BEGIN DATA SUPPLIED

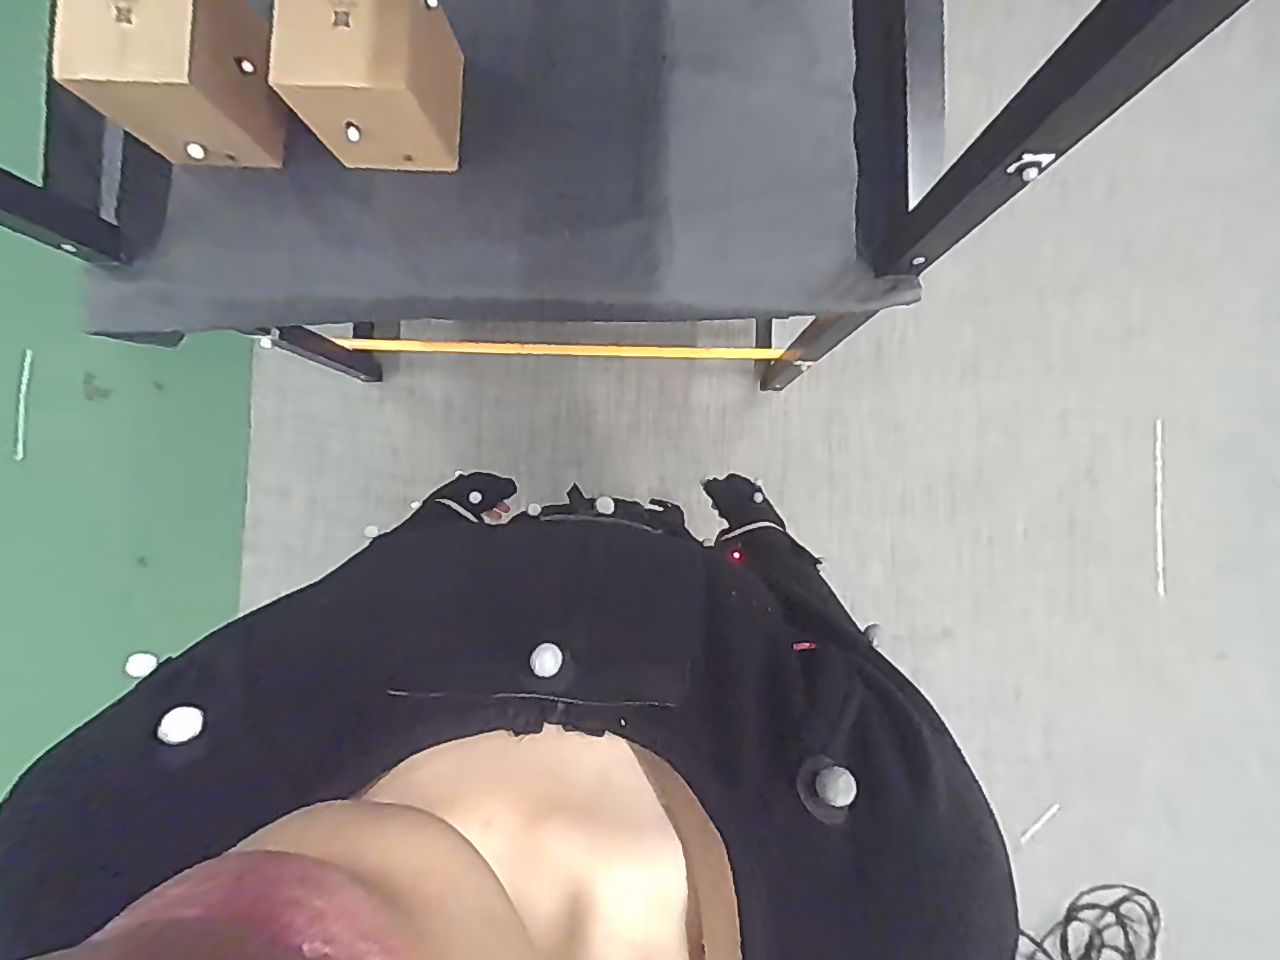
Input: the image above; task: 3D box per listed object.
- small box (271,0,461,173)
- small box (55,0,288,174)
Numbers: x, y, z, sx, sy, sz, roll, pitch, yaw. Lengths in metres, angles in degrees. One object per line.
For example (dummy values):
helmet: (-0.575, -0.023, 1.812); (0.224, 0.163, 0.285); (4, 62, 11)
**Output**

END DATA SUPPLIED

#### WHAT IS NEEDED
How many lines in the records above contain the string "object"? State the number and nothing more.

#### FINAL ANSWER
2